According to figures from Defra in the UK, the average per-person emissions from a long-haul flight are 102g per kilometre. By rail, it’s just 41g/km. More efficient trains, like the Eurostar, emit just 6g of CO2 per person per kilometre. While it’s true some planes are better than others and some trains are worse than others, the overwhelming truth is that travelling by train is less impactful on the environment.

Cars are more problematic. It depends on the age, size, efficiency, fuel and driving style, not to mention that fine balance of filling it with people but not so much that it gets too heavy and emits more CO2. But using those same Defra figures, a one-person journey in a diesel car emits 171g of CO2 per person per kilometre – more than air travel. If there are four people in that car, however, the per person rate goes down to 43g, comparable to that of a regular, not-so-efficient train.

It’s not always possible to travel by train, but when time allows and when your destination is a city (especially if you’re not leaving the continent) then rail travel is, on average, the best way to go.

Here are my hard-earned insights for getting the most out of long train journeys:

1. Book in advance to get the best rate. And always make a seat reservation, even on short connections.
2. Allow plenty of time for transfers. Don’t just go on what the app/website schedule says. I once missed a Deutsche Bahn night train connection in Hamburg because my Danska Bahn train from Denmark was delayed. Because long-distance, multi-country journeys are with a variety of train networks, one train won’t wait for the arrival of another. Even if you book a through-journey with your local agent, if one train is so delayed that you miss the next, that’s your problem and you generally have to re-book. At quiet times this isn’t usually an issue. But at Christmas… Well, let’s just say it’s always better to have more time than you think you need.
3. Research your route options on a map. Sometimes train companies won’t give you the best/shortest route. They’ll show you a route that minimises congestion, even during low-peak periods. Be prepared to get creative on your own.
4. Although many trains sell food or have on-board restaurants, I still advise taking your own food and water. And always carry some local currency if you need to buy snacks. In some countries, cash is still king.
5. Take ear plugs. Trust me on this. You’ll appreciate them on night trains.
6. For the best night’s sleep (i.e. with minimum disturbance), sleep on the top bunk. You usually get more baggage storage too, as there’s a shelf over the door.
7. Remember a lock. Most people on trains are honest and friendly. But you don’t want to risk your stuff getting pinched while you’re power napping. Lock your stuff and put valuables in bags around your body or under your feet.
8. Talk to your neighbours. Aside from maybe learning a thing or two and making a new connection, if you need to go to the toilet, you can then ask them to keep an eye on your stuff.
9. Be patient and don’t get frustrated if things take longer than expected and if there are delays and missed connections. It’s all part of the adventure. If you do get nervous, speak to the conductor and make them aware of the fact you have a connection to make. Quite often, other travellers are in the same position.
10. Be kind to fellow train travellers. Help people on and off trains if they need it and keep music, phone chat and phone notifications to a lower volume.

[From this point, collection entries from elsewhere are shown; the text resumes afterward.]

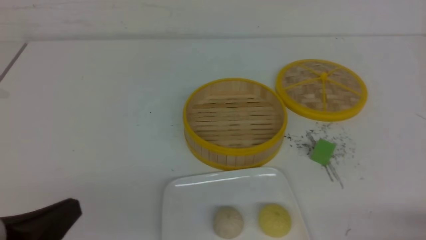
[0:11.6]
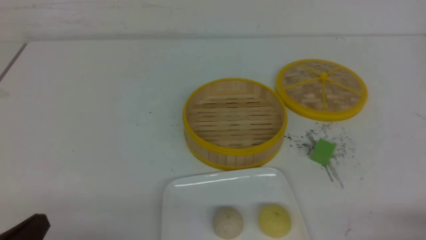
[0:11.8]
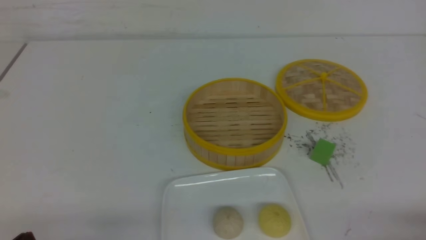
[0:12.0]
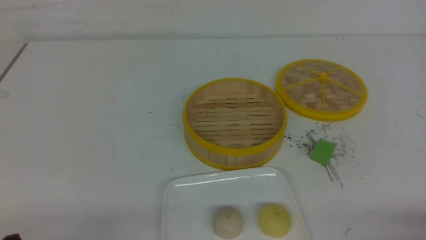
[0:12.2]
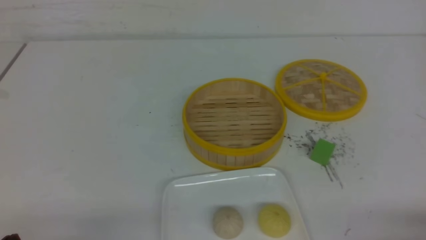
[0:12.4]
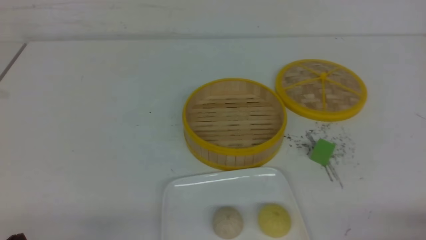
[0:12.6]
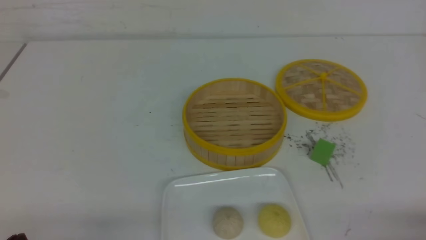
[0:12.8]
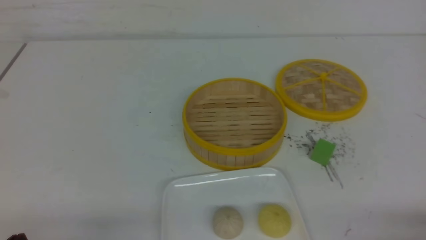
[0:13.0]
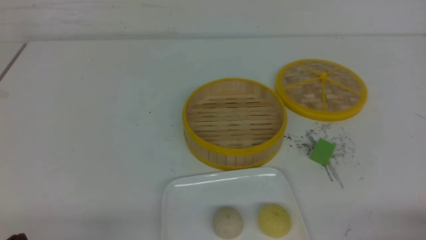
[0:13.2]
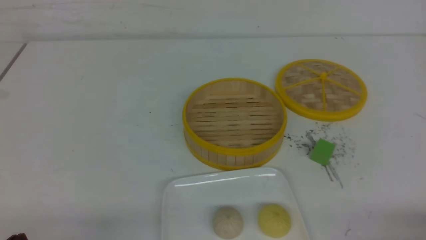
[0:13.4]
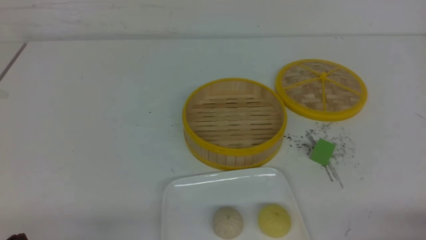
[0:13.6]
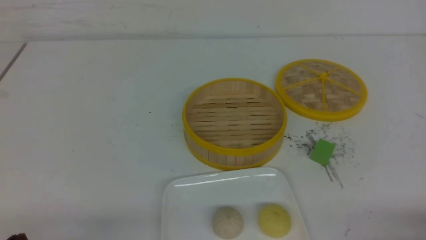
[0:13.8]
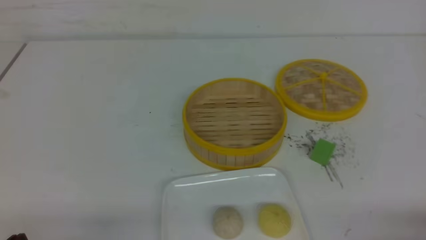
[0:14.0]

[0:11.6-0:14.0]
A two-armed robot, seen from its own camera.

On my most recent journey, from a ski resort in Austria back to Milan in Italy, I travelled with ÖBB, Austria’s national train network. The last-minute booking cost €89 for the nine-hour journey to Milan. And according to their app (which is good, by the way), I saved 121.9kg of CO2 compared with doing the same journey by car. Plus, according to Via Michelin, this journey by car would take anyway between 6 and half and eight and a half hours and cost between €70 and €115 for tolls and fuel. So even aside from the climate benefits I’m not losing any money and I’m definitely winning on the hassle front.

I can’t do all my journeys by train. Northern Italy is not the best place for a climber, hiker and snowboarder to get around by public transport. But every car journey I can swap for a train journey and every car journey I can carpool poses a lower impact on the planet.